▶ DIRECTIONS FOR THIS TASK:
From the records below, print exactly the lines starting at the one containing "Set Month 1:</text>" and ending at the one containing "Contact: Mita Gupta</text>", ends included, and nothing else.

[Recorded data]
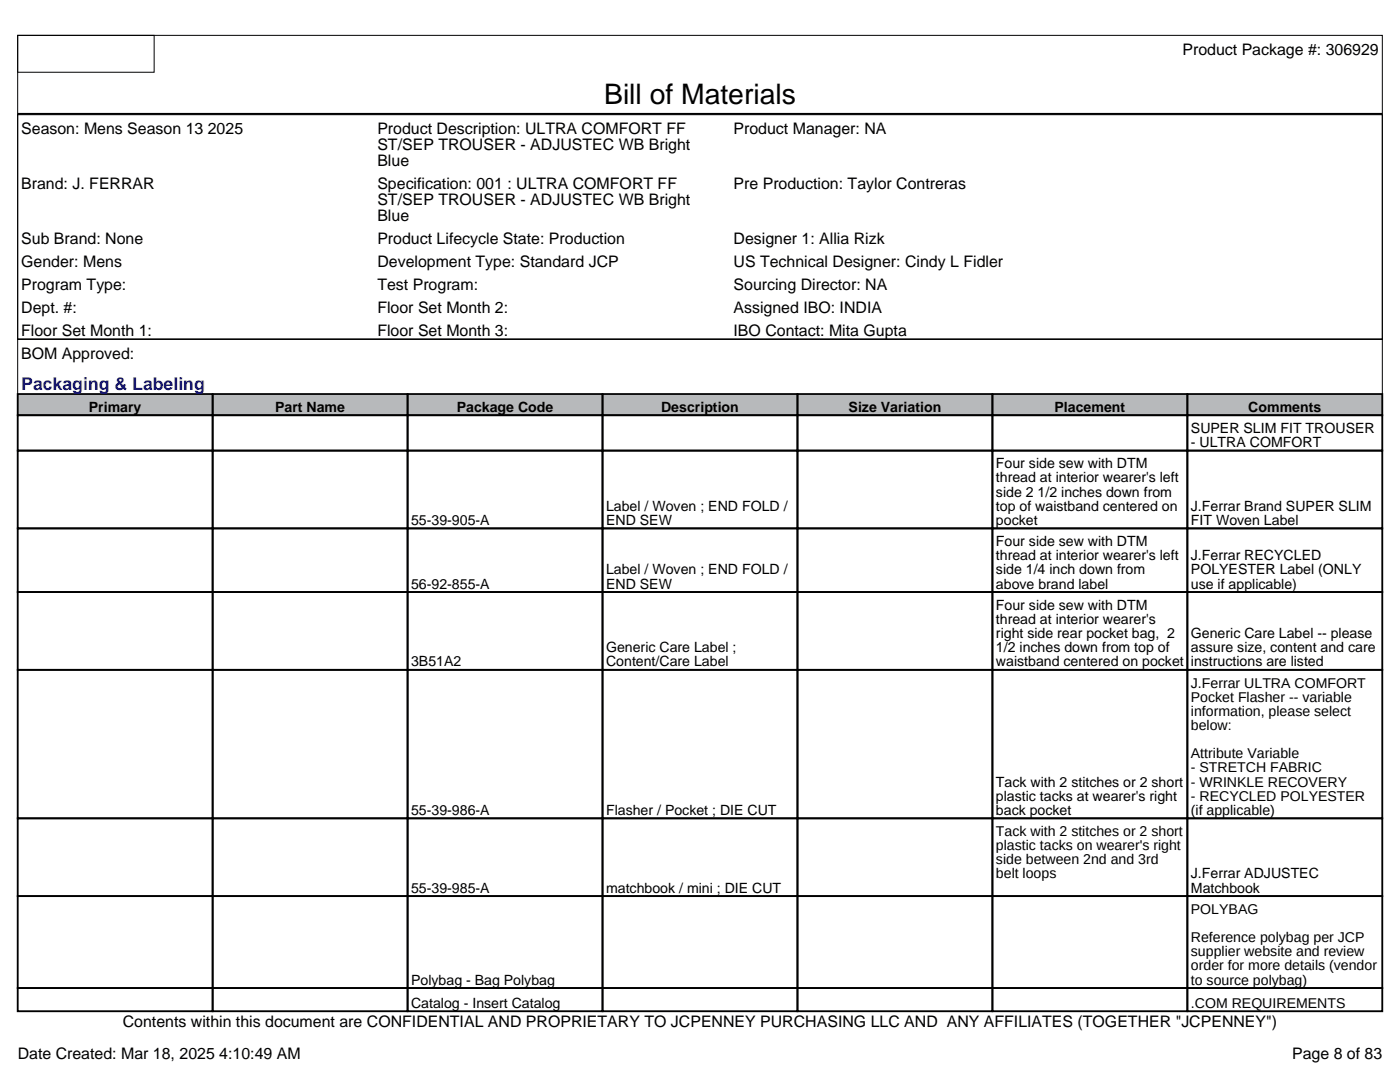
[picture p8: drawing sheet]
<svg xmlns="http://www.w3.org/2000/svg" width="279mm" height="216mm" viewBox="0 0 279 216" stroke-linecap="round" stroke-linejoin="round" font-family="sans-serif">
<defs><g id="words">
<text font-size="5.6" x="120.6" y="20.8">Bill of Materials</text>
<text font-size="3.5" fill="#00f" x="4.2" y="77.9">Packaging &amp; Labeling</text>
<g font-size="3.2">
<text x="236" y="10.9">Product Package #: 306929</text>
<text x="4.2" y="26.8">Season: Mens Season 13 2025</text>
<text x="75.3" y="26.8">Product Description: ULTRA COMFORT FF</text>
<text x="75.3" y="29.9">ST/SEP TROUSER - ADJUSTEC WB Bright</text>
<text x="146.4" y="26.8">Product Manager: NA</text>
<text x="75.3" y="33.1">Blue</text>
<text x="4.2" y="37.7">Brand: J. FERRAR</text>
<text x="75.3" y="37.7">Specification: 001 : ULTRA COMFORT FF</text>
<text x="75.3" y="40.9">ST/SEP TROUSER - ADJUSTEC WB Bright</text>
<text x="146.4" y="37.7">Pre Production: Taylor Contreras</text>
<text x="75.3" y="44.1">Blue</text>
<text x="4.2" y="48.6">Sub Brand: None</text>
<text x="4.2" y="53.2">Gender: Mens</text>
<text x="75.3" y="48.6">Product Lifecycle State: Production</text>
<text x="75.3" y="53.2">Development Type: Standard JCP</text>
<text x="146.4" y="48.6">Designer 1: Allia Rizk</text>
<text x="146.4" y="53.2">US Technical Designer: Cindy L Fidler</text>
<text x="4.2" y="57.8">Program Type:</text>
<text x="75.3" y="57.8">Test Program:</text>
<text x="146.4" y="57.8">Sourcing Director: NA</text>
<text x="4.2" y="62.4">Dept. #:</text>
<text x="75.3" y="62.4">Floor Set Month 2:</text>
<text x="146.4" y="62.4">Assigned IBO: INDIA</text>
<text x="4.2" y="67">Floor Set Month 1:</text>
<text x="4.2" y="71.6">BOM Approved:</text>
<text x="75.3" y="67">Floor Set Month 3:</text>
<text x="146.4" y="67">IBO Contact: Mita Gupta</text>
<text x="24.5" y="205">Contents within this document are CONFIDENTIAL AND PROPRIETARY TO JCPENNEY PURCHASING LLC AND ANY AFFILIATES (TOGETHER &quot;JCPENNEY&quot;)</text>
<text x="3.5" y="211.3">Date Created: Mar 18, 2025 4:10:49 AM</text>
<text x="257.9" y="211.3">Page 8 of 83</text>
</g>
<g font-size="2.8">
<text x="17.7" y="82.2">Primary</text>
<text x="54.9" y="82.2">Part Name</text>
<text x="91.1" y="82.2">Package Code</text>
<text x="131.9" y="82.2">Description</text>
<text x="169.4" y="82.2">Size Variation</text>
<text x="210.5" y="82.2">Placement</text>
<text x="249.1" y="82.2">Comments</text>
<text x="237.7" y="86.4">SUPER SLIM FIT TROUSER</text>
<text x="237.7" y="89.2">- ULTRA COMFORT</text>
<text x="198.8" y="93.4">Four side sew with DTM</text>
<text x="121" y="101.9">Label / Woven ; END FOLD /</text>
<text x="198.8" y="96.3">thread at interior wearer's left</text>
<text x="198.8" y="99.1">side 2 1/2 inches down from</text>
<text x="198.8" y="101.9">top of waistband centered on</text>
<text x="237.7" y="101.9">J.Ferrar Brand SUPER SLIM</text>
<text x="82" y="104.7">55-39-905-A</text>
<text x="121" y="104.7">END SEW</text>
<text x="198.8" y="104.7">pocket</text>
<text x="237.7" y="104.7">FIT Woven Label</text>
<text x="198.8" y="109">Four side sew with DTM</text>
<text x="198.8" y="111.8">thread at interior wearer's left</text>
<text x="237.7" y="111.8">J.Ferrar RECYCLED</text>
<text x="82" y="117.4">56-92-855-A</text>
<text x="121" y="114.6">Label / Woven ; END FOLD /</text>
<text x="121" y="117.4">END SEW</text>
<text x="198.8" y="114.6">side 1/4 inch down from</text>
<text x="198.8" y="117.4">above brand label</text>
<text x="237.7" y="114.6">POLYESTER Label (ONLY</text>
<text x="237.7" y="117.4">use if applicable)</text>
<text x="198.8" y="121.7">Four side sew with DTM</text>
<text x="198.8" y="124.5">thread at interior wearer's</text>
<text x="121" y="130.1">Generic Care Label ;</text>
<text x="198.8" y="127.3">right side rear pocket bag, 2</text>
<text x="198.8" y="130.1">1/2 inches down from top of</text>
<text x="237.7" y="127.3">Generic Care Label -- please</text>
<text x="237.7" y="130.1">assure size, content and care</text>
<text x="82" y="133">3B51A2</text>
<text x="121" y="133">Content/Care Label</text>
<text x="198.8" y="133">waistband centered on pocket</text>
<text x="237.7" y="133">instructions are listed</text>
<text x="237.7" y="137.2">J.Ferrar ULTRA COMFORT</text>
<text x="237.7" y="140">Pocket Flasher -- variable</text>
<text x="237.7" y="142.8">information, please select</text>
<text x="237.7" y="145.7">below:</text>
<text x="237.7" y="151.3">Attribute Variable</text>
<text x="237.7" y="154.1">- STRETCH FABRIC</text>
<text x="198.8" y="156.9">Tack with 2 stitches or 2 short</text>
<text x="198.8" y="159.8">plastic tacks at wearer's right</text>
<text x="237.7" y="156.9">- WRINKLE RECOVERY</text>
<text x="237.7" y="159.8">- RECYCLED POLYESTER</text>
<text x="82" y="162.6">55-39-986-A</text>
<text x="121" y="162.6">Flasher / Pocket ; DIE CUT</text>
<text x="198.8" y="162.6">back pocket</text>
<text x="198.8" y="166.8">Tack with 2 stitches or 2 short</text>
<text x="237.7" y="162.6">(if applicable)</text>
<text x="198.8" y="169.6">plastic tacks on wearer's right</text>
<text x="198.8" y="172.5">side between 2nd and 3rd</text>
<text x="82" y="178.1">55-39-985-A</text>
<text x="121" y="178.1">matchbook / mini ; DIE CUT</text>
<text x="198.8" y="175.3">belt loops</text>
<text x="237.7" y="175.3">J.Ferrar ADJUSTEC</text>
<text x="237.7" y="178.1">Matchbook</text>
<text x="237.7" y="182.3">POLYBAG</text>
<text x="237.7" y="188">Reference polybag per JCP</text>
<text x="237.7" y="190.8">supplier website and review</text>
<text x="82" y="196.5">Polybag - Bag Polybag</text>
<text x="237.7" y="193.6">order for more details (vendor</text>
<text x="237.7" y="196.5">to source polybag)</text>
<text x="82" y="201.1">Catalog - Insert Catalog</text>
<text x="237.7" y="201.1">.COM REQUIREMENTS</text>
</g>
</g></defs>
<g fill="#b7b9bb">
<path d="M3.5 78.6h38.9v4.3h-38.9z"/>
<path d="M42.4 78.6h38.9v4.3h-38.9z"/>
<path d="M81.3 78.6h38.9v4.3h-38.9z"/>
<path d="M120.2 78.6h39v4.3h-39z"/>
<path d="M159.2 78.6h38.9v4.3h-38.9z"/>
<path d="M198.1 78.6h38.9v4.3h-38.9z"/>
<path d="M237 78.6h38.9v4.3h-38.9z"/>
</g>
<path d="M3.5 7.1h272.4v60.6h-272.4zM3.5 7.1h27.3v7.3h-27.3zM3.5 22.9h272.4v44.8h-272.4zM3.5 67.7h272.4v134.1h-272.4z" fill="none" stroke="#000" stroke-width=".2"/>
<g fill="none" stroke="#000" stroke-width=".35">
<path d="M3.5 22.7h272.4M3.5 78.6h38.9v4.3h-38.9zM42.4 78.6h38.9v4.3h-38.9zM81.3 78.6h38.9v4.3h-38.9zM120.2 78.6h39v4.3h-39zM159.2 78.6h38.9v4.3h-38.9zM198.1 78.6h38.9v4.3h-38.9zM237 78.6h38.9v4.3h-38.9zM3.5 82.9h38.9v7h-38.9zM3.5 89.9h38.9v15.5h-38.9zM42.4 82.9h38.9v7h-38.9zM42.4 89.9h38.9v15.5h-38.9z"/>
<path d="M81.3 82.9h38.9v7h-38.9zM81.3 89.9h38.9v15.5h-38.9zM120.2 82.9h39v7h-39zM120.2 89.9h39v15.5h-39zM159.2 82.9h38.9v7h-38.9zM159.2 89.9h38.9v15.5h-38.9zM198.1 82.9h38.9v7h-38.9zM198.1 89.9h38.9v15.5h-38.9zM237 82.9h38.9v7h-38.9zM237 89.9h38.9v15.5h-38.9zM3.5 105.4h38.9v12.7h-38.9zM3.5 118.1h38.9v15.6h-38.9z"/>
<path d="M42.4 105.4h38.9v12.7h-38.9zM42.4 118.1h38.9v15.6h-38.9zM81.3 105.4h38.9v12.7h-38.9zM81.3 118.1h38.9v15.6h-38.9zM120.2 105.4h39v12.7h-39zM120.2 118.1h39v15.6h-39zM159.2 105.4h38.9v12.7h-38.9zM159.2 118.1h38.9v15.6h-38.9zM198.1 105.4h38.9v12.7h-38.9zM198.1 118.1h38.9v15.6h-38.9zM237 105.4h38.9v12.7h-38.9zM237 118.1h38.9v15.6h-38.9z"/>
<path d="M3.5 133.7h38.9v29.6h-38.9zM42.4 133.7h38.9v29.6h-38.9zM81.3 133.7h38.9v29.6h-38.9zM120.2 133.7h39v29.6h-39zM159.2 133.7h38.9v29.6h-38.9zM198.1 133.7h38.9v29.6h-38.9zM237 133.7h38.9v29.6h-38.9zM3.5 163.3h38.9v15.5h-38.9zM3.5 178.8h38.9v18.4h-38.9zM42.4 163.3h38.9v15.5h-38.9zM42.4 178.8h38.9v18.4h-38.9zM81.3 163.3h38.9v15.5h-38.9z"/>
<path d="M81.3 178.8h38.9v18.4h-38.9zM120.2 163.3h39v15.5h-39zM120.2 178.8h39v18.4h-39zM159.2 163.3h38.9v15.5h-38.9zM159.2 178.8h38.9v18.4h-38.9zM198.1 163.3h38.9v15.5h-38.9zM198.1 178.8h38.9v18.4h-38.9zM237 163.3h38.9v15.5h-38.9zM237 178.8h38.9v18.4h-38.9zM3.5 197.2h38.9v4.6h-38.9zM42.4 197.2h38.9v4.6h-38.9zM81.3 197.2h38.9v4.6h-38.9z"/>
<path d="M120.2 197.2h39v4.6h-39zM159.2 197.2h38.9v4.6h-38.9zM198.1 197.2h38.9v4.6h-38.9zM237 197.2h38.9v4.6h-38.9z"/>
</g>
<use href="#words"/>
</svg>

▶ EXPECTED ANSWER:
<text x="4.2" y="67">Floor Set Month 1:</text>
<text x="4.2" y="71.6">BOM Approved:</text>
<text x="75.3" y="67">Floor Set Month 3:</text>
<text x="146.4" y="67">IBO Contact: Mita Gupta</text>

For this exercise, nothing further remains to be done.